There were two main ways to enhance SilverStripe’s performance that I thought of. (Well, a third option, too: realize that no one will visit my SilverStripe site and leave it as-is. But that’s no fun.) The first is to ‘fix’ Silverstripe itself. With WordPress, I tweaked MySQL and set up APC (which gave a bigger boost than with SilverStripe, but still not a huge gain). But then I ended up coding the main page from scratch, and it uses memcache to store the generated page in RAM for a period of time. Instantly, benchmarking showed that I could handle hundreds of pages a second on the meager hardware I’m hosted on. (Soon to change…)
The other option, and one that may actually be preferable, is to just run the software normally, but stick it behind a cache. This might not be an instant fix, as I’m guessing the generated pages are tagged to not allow caching, but that can be fixed. (Aside: people seem to love setting huge expiry times for cached data, like having it cached for an hour. The main page here caches data for 30 seconds, which means that, worst case, the backend would be handling two pages a minute. Although if there were a network involved, I might bump it up or add a way to selectively purge pages from the cache.) squid is the most commonly-used one, but I’ve also heard interesting things about varnish, which was tailor-made for this purpose and is supposed to be a lot more efficient. There’s also pound, which seems interesting, but doesn’t cache on its own. varnish doesn’t yet support gzip compression of pages, which I think would be a major boost in throughput. (Although at the cost of server resources, of course… Unless you could get it working with a hardware gzip card!)
But then I started thinking… That caching frontend doesn’t have to be local! Pick up a machine in another data center as a ‘reverse proxy’ for your site. Viewers hit that, and it will keep an updated page in its cache. Pick a server up when someone’s having a sale and set it up.
But then, you can take it one step further, and pick up boxes to act as your caches in multiple data centers. One on the East Coast, one in the South, one on the West Coast, and one in Europe. (Or whatever your needs call for.) Use PowerDNS with GeoIP to direct viewers to the closest cache. (Indeed, this is what Wikipedia does: they have servers in Florida, the Netherlands, and Korea… DNS hands out the closest server based on where your IP is registered.) You can also keep DNS records with a fairly short TTL, so if one of the cache servers goes offline, you can just pull it from the pool and it’ll stop receiving traffic. You can also use the cache nodes themselves as DNS servers, to help make sure DNS is highly redundant.
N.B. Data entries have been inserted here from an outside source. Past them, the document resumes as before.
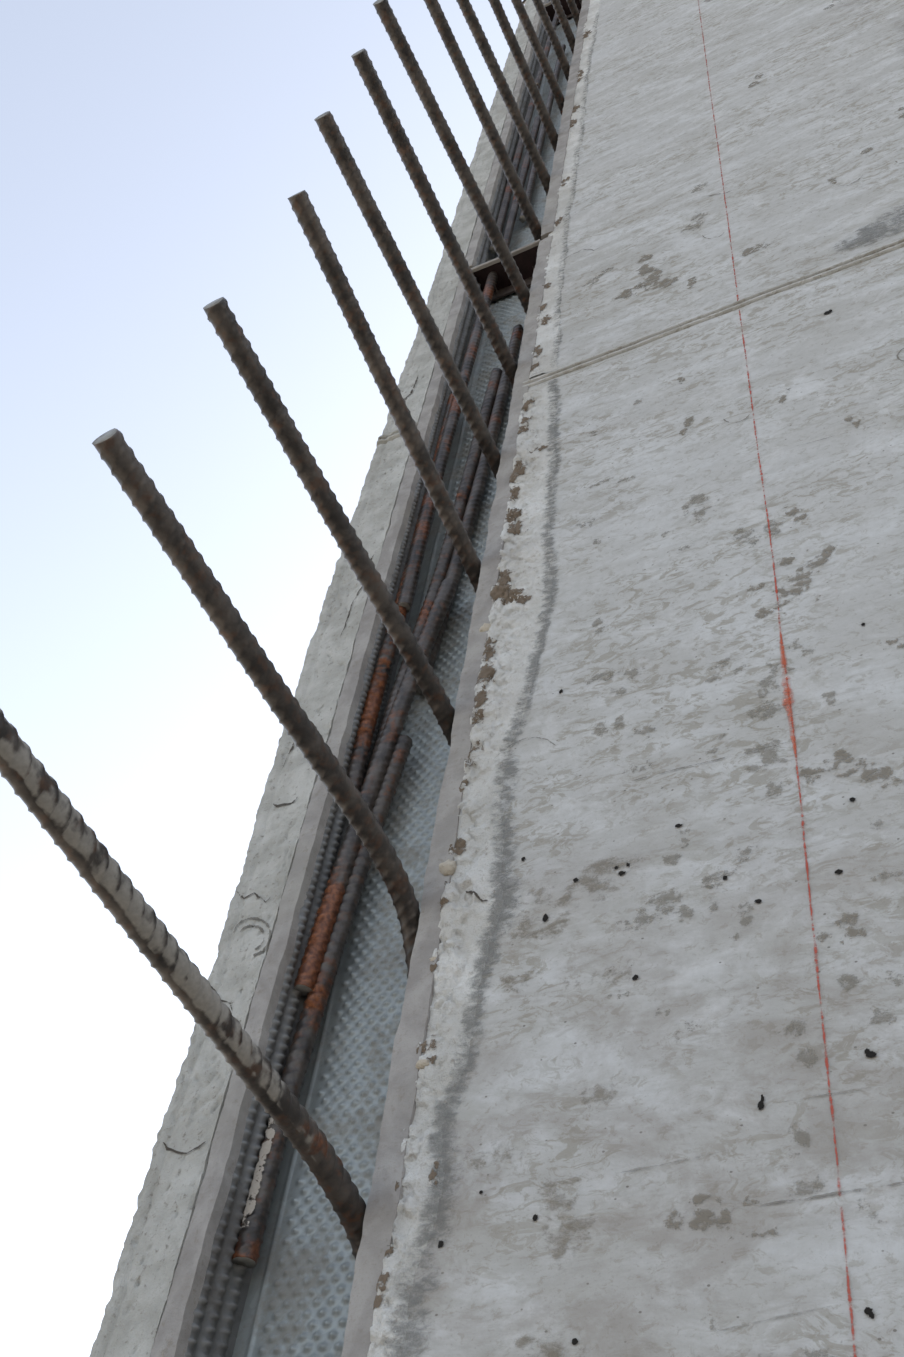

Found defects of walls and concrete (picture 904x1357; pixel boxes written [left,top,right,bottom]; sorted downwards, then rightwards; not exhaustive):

spalling [0,0,601,1357]
leakage [418,379,561,1261]
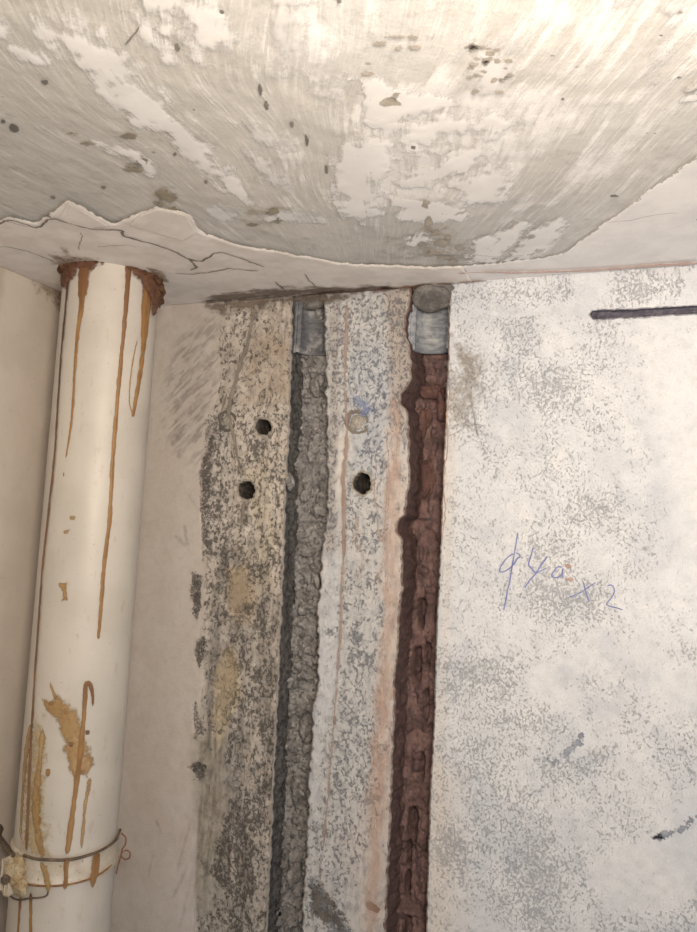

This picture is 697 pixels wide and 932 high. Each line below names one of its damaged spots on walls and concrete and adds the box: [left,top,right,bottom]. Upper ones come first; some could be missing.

crack [0,215,285,291]
flaking render [0,0,697,306]
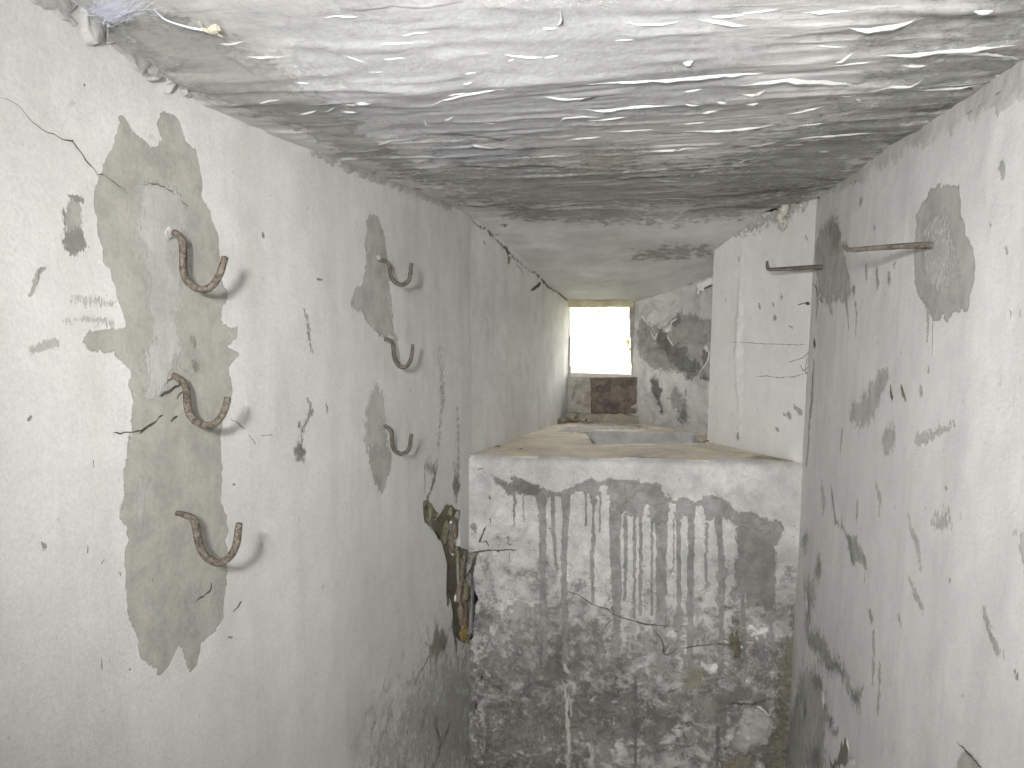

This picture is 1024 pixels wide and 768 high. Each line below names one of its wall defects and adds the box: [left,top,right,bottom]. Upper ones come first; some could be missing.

It seems to me that it’d be a fairly promising idea, although I think there are some potential kinks you’d have to work out. (Given that you’ll probably have 20-100ms latency in retreiving cache misses, do you set a longer cache duration? But then, do you have to wait an hour for your urgent change to get pushed out? Can you flush only one item from the cache? What about uncacheable content, such as when users have to log in? How do you monitor many nodes to make sure they’re serving the right data? Will ISPs obey your DNS’s TTL records? Most of these things have obvious solutions, really, but the point is that it’s not an off-the-shelf solution, but something you’d have to mold to fit your exact setup.)
Aside: I’d like to put nginx, lighttpd, and Apache in a face-off. I’m reading good things about nginx.